Monumental Propaganda, Voinovich’s first novel in twelve years, centers on Aglaya Stepanovna Revkina, a true believer in Stalin, who finds herself bewildered and beleaguered in the relative openness of the Khrushchev era. She believes her greatest achievement was to have browbeaten her community into building an iron statue of the supreme leader, which she moves into her apartment after his death. And despite the ebb and flow of political ideology in her provincial town, she stubbornly, and at all costs, centers her life on her private icon.

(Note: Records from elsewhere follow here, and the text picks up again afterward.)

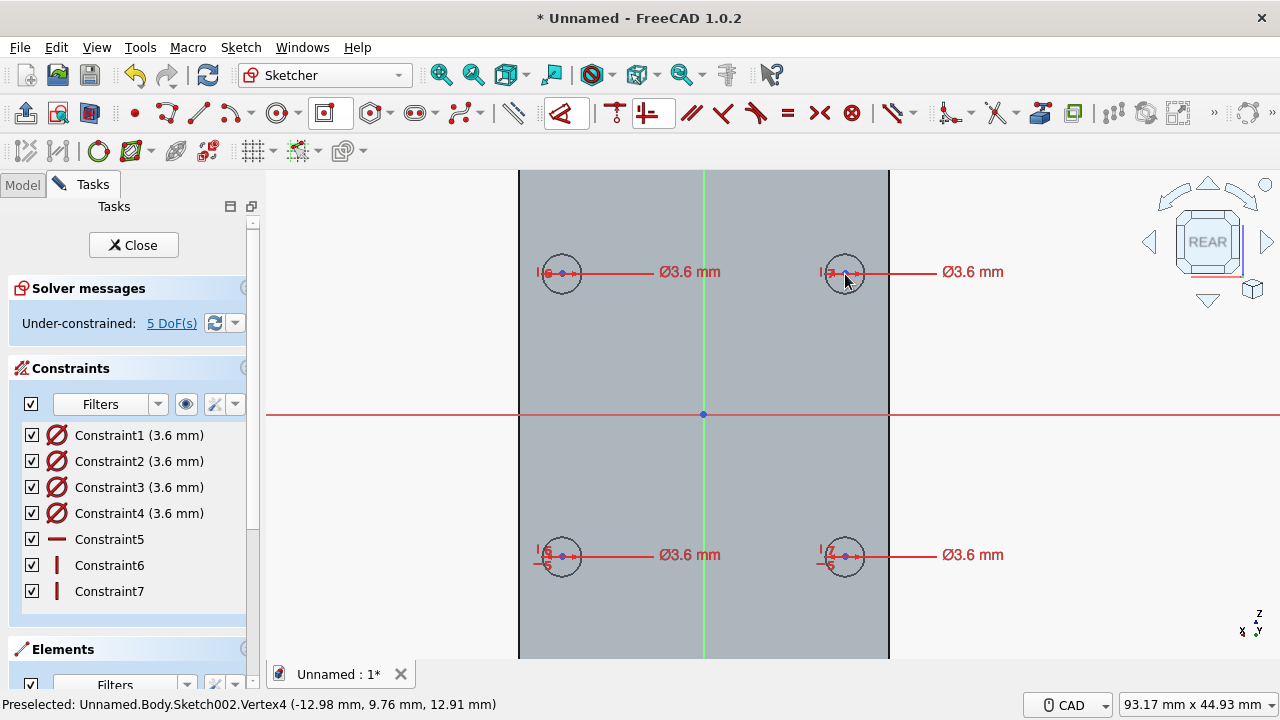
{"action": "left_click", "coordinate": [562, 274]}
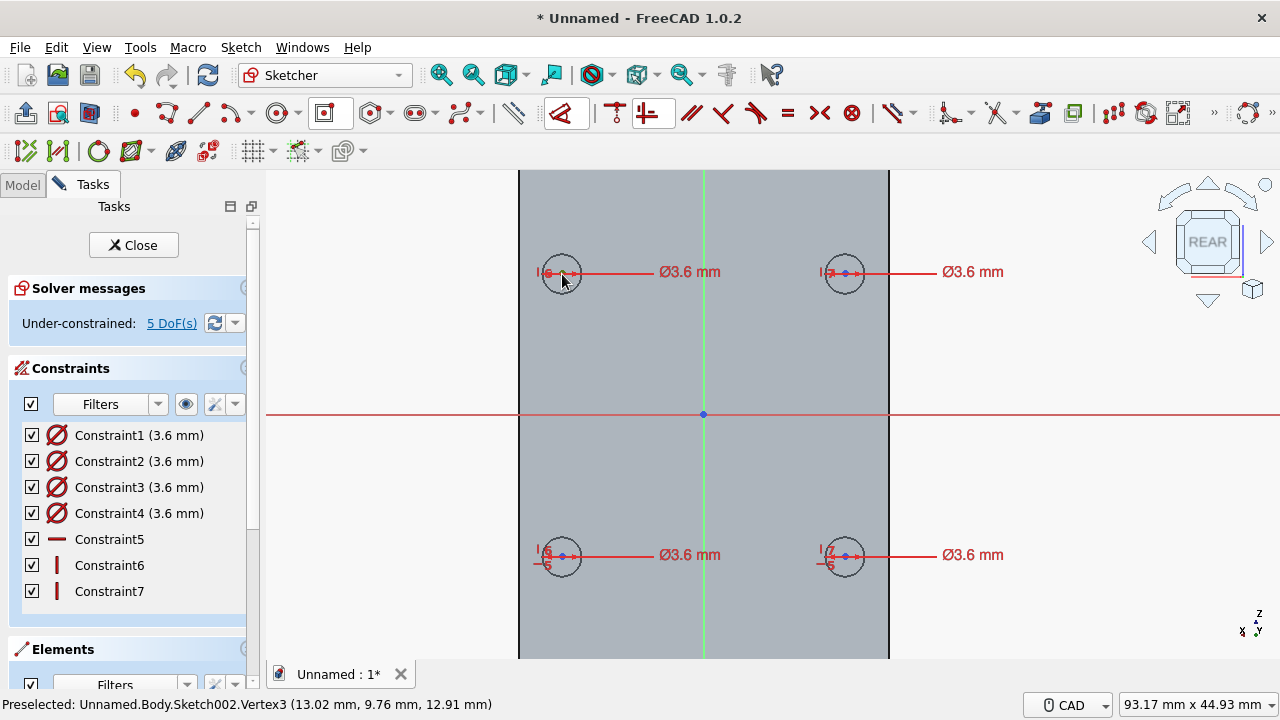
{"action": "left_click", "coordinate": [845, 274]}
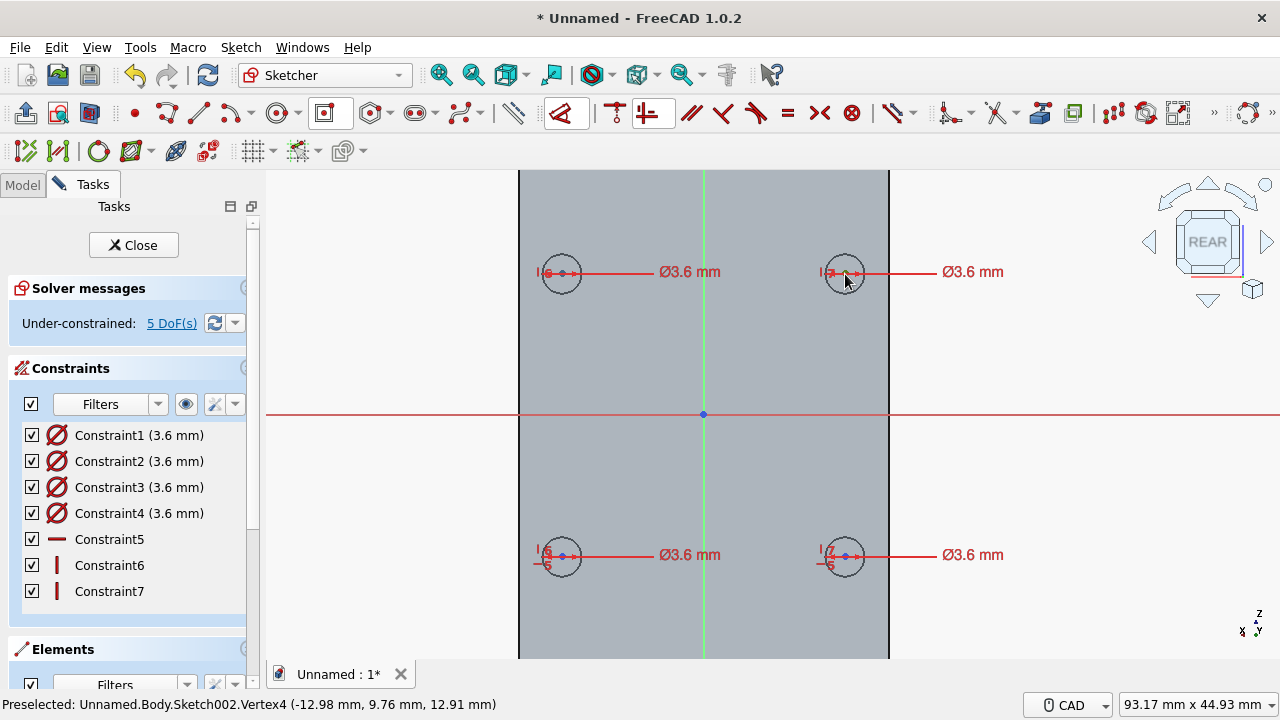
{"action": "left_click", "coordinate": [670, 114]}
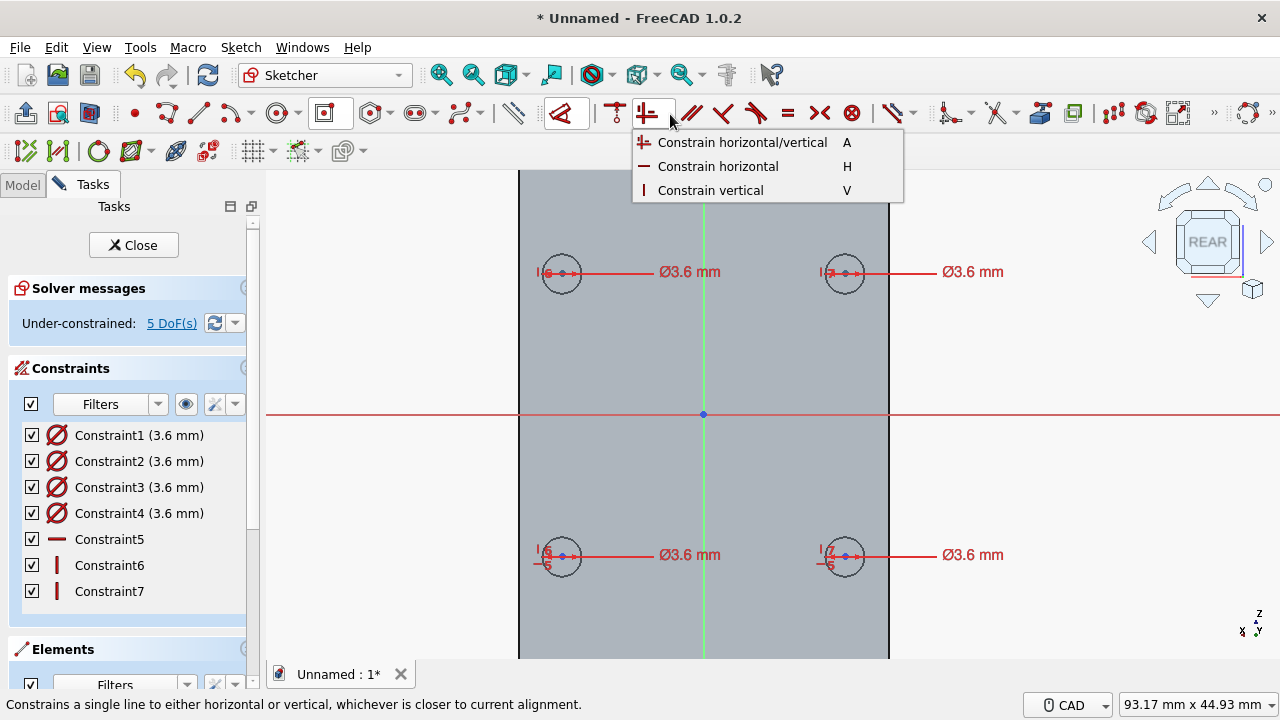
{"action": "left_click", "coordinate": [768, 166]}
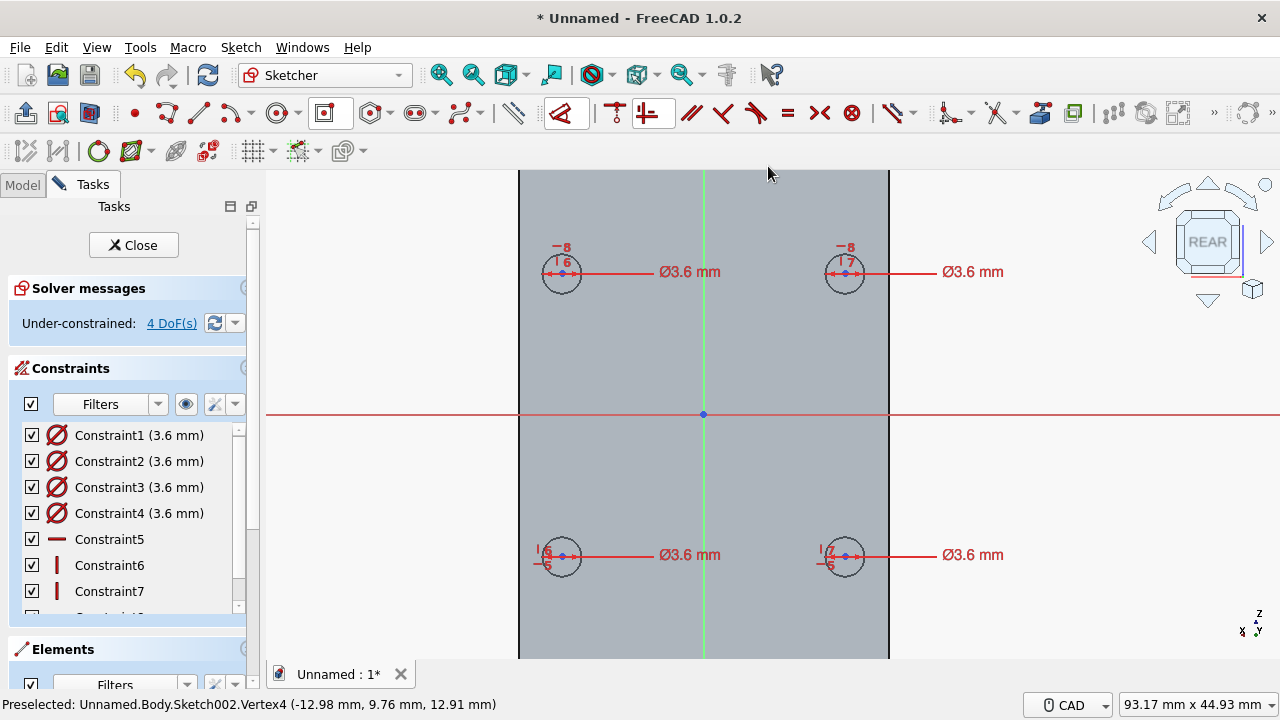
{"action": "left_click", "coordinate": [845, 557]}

Voinovich’s humanely comic vision has never been sharper than it is in this hilarious but deeply moving tale–equally all-seeing about Stalinism, the era of Khrushchev, and glasnost in the final years of Soviet rule. The New York Times Book Review called his classic work, The Life & Extraordinary Adventures of Private Ivan Chonkin, “a masterpiece of a new form–socialist surrealism . . . the Soviet Catch-22 written by a latter-day Gogol." In Monumental Propaganda we have the welcome return of a truly singular voice in world literature.
PUBLISHERS WEEKLY
Voinovich is a self-consciously Gogolian writer, whose first novels, published during the 1970s, spiced the sometimes self-important prose (and posing) of the dissidents with a very earthy humor. His latest novel, which tells the story of Aglaya Stepanovna Revkina, the most ardent Stalinist ever produced by the provincial town of Dolgov, stands dissidence on its head. Aglaya, after accruing power while the iron man was alive, is expelled from the Party after 1956. Aglaya may be a narrow, fanatical Stalinist, but she is, perversely, admirable, too, especially in comparison with her conformist comrades. Through the first three-fourths of the novel, Voinovich is wonderfully deft at balancing the grotesque and the realistic. His central symbol is a frighteningly lifelike statue of Stalin that Aglaya rescues from the junk heap and installs in her apartment. In the last quarter of the novel, Voinovich takes us rapidly through the last three ages of "Terror," ending on a very sour note with: "Terror Unlimited (the present time)." State repression has been replaced with hoodlum disorder in Dolgov, and the Party headquarters with a casino/strip joint. In spite of the somewhat unsatisfactory finale, Voinovich's novel is otherwise a fine study of the peculiar buffoonery of Soviet life, with its fearful conformities, petty dissidents and its decadent final decades, which Voinovich very justly terms "somnambulistic."